Retrieval Is a Ranking Problem
Top-k results from a vector store are sorted by embedding distance, not by usefulness. Embedding similarity and task relevance are correlated but not the same thing, and the gap between them is where RAG quality lives.
Re-Ranking
Re-rank after initial retrieval to improve quality:
def retrieve_with_reranking(query, documents, top_k=5):
initial = vector_store.search(query, k=20)
reranked = cross_encoder.rank(query, initial)
return reranked[:top_k]
Retrieve 20, re-rank, keep 5. The initial retrieval is cheap; the quality comes from what you do with it.
Hybrid Search
Pure semantic search misses exact keyword matches. Pure keyword search misses semantic similarity. Combine them:
def hybrid_search(query, k=10):
bm25_results = bm25.search(query, k=k)
semantic_results = vector_store.search(query, k=k)
return rank_hybrid(bm25_results, semantic_results, weights=[0.3, 0.7])
The 0.3/0.7 split is a reasonable starting point. BM25 catches exact matches that semantic search misses. Adjust based on your recall numbers.

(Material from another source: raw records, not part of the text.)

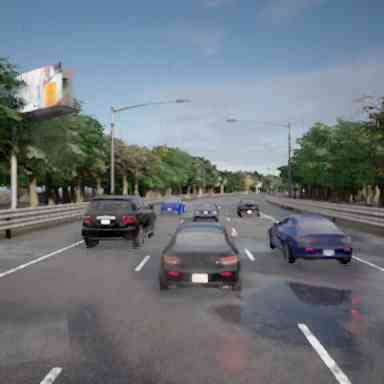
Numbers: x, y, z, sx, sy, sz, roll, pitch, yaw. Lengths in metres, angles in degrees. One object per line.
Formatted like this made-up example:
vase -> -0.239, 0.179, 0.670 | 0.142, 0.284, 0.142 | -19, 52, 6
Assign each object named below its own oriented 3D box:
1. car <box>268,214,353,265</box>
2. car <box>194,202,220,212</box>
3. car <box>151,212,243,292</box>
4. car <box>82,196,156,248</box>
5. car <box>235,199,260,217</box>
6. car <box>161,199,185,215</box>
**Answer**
car -> 3.872, 1.490, 11.485 | 1.812, 1.442, 4.674 | 0, 0, 2
car -> 1.157, 1.469, 25.698 | 2.033, 1.411, 5.357 | 0, 0, 5
car -> 0.249, 1.497, 8.751 | 1.812, 1.442, 4.674 | 0, 0, 2
car -> -2.987, 1.173, 14.682 | 2.150, 2.045, 5.566 | 0, 0, 3
car -> 5.080, 1.414, 30.515 | 1.837, 1.490, 4.892 | 0, 0, 5
car -> -1.780, 1.379, 32.351 | 1.882, 1.535, 5.008 | 0, 0, 5

Assembling Retrieved Context
This is the part most teams skip entirely. You have 5 relevant chunks, and most teams never think about what order to put them in, whether all 5 are worth including, or how much of the token budget they should consume versus leaving room for instructions.
Apply the Pyramid
Use The Pyramid pattern: put the most important information first:
def assemble_context(query, retrieved_docs):
docs = sorted(retrieved_docs, key=lambda d: d.relevance, reverse=True)
context = docs[0].content
for doc in docs[1:]:
if len(context) + len(doc.content) < 8000:
context += "\n\n" + doc.content
return context
Apply Grounding
Explicitly tell the model to use the retrieved context:
Use ONLY the information provided in the context below to answer
the question. If the context does not contain the answer, say so.
Context:
[assembled retrieved documents, most relevant first]
Question:
[user query]
This applies the Grounding pattern. The model knows it should use the provided context, not fall back to its training data.
Putting It Together
A complete RAG pipeline with context engineering:
class ContextEngineeredRAG:
def __init__(self):
self.chunker = SemanticChunker()
self.retriever = HybridRetriever()
self.reranker = CrossEncoderReranker()
def query(self, user_query, token_budget=8000):
initial_docs = self.retriever.search(user_query, k=20)

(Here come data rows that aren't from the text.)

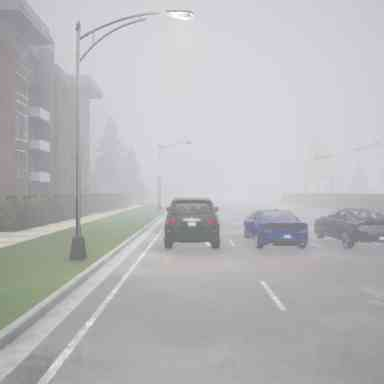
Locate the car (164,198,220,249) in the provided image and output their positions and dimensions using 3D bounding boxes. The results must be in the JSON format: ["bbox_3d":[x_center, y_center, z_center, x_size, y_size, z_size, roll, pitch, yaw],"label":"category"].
[{"bbox_3d":[0.000,1.255,14.680,2.150,2.045,5.566,0,0,0],"label":"car"}]

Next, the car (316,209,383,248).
[{"bbox_3d":[7.000,1.492,14.650,2.128,1.511,4.902,0,0,0],"label":"car"}]

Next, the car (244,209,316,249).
[{"bbox_3d":[3.500,1.482,14.650,1.882,1.535,5.008,0,0,0],"label":"car"}]
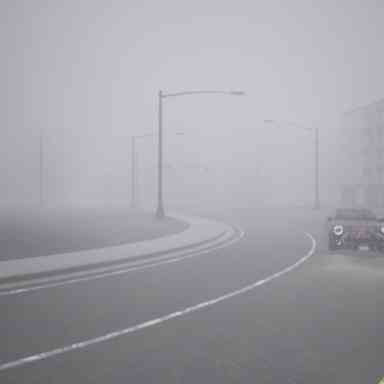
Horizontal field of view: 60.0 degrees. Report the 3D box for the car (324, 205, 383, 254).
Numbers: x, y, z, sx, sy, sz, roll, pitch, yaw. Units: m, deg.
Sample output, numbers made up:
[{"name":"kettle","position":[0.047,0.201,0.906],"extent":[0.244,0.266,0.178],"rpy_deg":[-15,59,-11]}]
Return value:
[{"name":"car","position":[6.749,1.407,13.878],"extent":[2.097,1.767,4.553],"rpy_deg":[0,0,18]}]
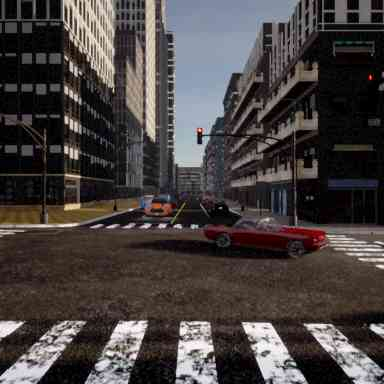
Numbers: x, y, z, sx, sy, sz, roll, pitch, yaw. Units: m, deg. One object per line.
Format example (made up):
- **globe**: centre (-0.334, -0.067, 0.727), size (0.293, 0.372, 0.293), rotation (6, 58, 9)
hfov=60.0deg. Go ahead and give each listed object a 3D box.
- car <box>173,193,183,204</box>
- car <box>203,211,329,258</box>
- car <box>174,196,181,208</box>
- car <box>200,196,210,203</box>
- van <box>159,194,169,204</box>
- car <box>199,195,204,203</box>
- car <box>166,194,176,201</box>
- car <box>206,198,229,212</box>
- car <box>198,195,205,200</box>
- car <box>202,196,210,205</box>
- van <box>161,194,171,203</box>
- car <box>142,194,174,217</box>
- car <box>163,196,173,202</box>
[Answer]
- **car**: centre (-2.940, 1.287, 64.003), size (2.150, 2.045, 5.566), rotation (0, 0, 0)
- **car**: centre (2.900, 1.683, 13.372), size (4.718, 1.301, 1.895), rotation (1, 0, 34)
- **car**: centre (-3.047, 1.607, 47.660), size (1.895, 1.301, 4.718), rotation (0, 0, 0)
- **car**: centre (2.756, 1.559, 72.040), size (1.887, 1.381, 4.507), rotation (0, 0, 0)
- **van**: centre (-5.631, 1.353, 66.394), size (1.690, 1.788, 3.998), rotation (0, 0, 0)
- **car**: centre (2.745, 1.561, 60.732), size (2.008, 1.369, 4.403), rotation (0, 0, 0)
- **car**: centre (-5.609, 1.337, 89.012), size (2.192, 1.841, 5.009), rotation (0, 0, 0)
- **car**: centre (2.720, 1.568, 33.802), size (1.947, 1.339, 4.313), rotation (0, 0, 0)
- **car**: centre (2.777, 1.590, 94.658), size (1.947, 1.339, 4.313), rotation (0, 0, 0)
- **car**: centre (2.729, 1.550, 43.769), size (1.887, 1.381, 4.507), rotation (0, 0, 0)
- **van**: centre (-5.625, 1.355, 72.048), size (1.690, 1.788, 3.998), rotation (0, 0, 0)
- **car**: centre (-3.071, 1.353, 31.169), size (2.097, 1.767, 4.553), rotation (0, 0, 0)
- **car**: centre (-5.619, 1.567, 77.702), size (2.008, 1.369, 4.403), rotation (0, 0, 0)

ranked_docs = self.reranker.rank(user_query, initial_docs)
context = self._assemble_with_budget(ranked_docs, token_budget)
prompt = self._build_prompt(user_query, context)
return llm.generate(prompt)
Each step earns its place. Semantic chunking preserves concept boundaries. Hybrid search recovers the keyword matches that embedding similarity misses. Re-ranking filters 20 candidates down to 5 good ones. The assembly step puts the strongest results first. The grounding instruction tells the model to actually use what you retrieved. Skip any of these and you’re leaving quality on the table, usually without a clear signal of what broke.
Common Mistakes
Dumping all retrieved chunks. Retrieving 20 documents and including all of them is worse than including the top 5. The bottom 15 actively degrade quality by diluting attention on the good results. Use Select, Don’t Dump.
Fixed-size chunking on structured documents. If your documents have headings, paragraphs, and code blocks, fixed-size chunking will split them at random points. Use semantic boundaries.
Skipping re-ranking. The difference between top-5-by-embedding and top-5-after-reranking is often the difference between a usable answer and a hallucinated one.
No grounding instructions. Without explicit instructions to use the retrieved context, the model treats it as optional background. It hallucinates confidently, and the retrieved context just sits there unused.